Collected data entries:

★ ★ ★ ★ ★ ★ ★

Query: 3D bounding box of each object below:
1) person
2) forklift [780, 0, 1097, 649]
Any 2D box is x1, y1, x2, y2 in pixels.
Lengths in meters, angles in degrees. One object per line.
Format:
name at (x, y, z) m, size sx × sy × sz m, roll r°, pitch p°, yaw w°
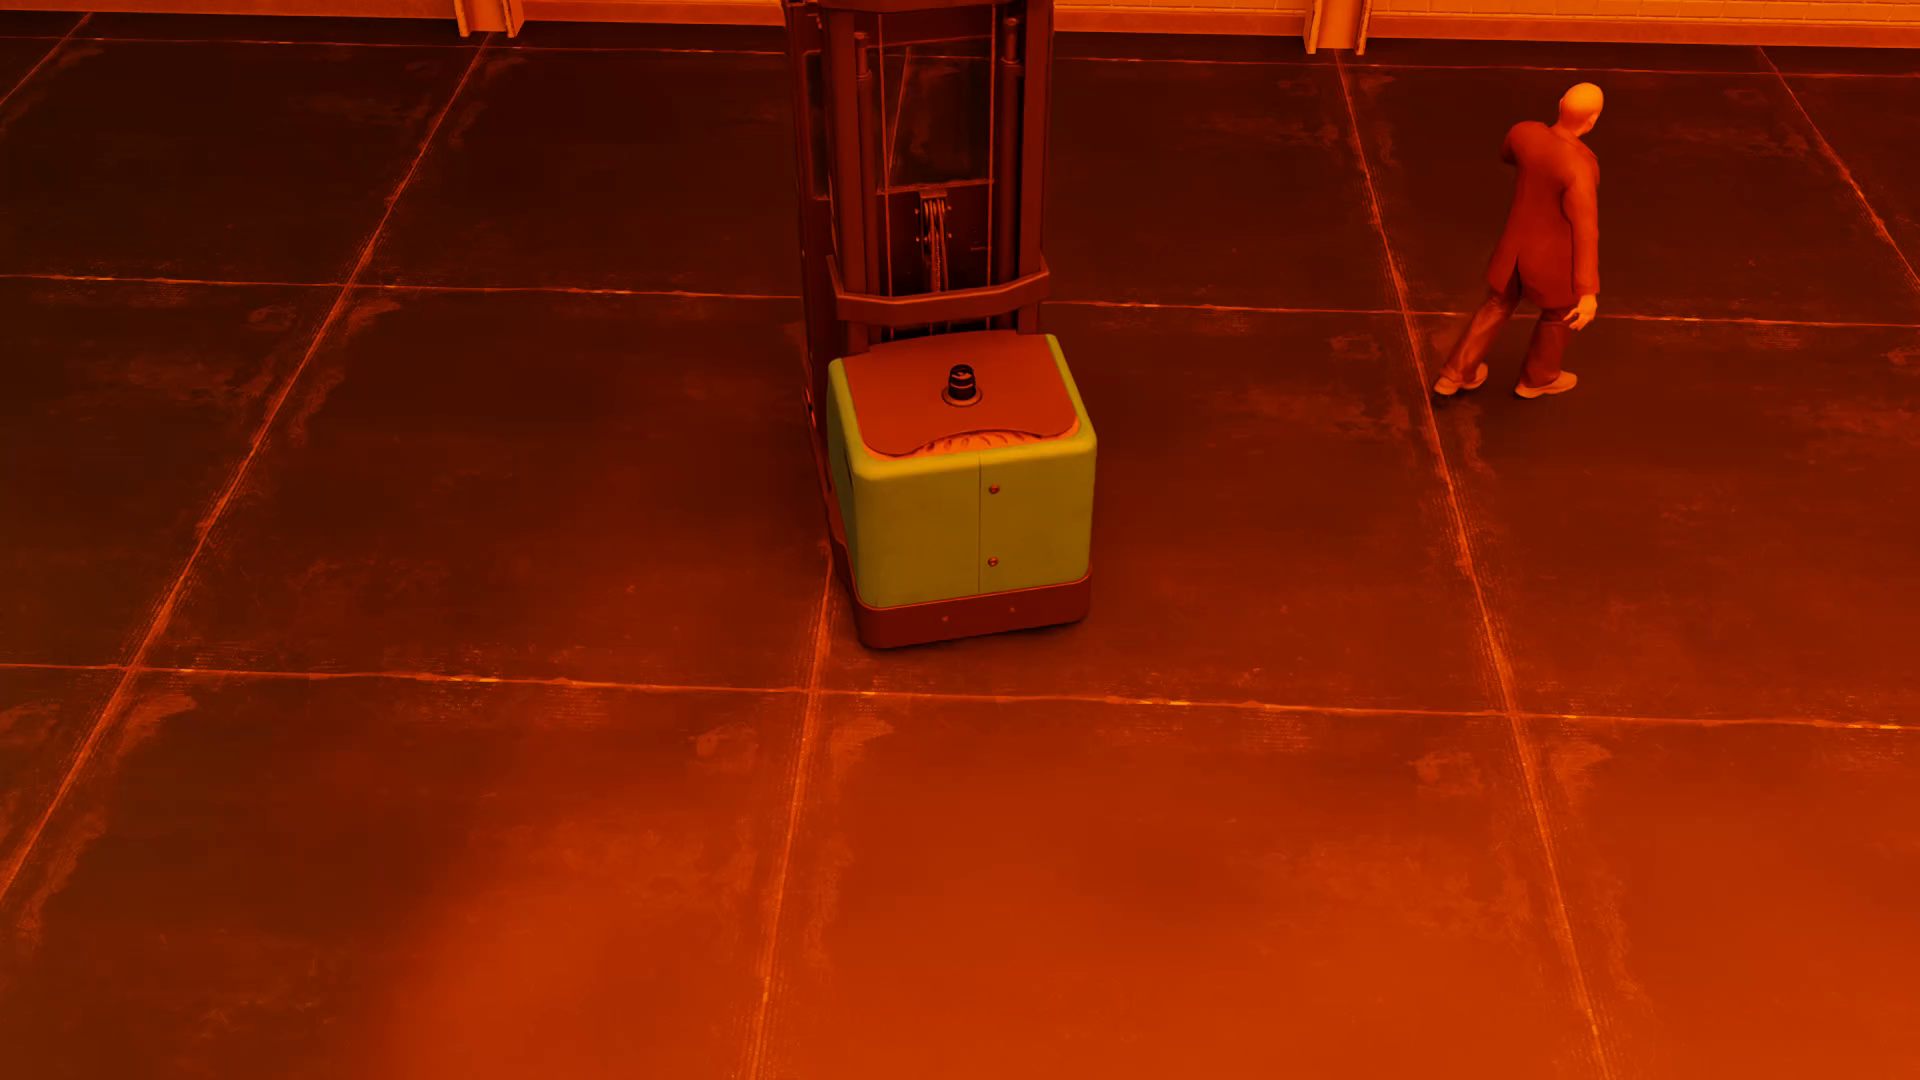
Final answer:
person at (2.885, -1.421, 8.183) m, size 0.822 × 1.759 × 1.004 m, roll -19°, pitch 46°, yaw -20°
forklift at (-0.208, -1.610, 7.506) m, size 1.130 × 2.935 × 3.031 m, roll -8°, pitch 43°, yaw -8°

★ ★ ★ ★ ★ ★ ★

Return every entry exactly, dropping the pictures.

Query: 3D bounding box of each object below:
1) person
2) forklift [780, 0, 1097, 649]
Any 2D box is x1, y1, x2, y2 in pixels.
Lengths in meters, angles in degrees. One object per line.
Format:
name at (x, y, z) m, size sx × sy × sz m, roll r°, pitch p°, yaw w°
Final answer:
person at (2.885, -1.421, 8.183) m, size 0.822 × 1.759 × 1.004 m, roll -19°, pitch 46°, yaw -20°
forklift at (-0.208, -1.610, 7.506) m, size 1.130 × 2.935 × 3.031 m, roll -8°, pitch 43°, yaw -8°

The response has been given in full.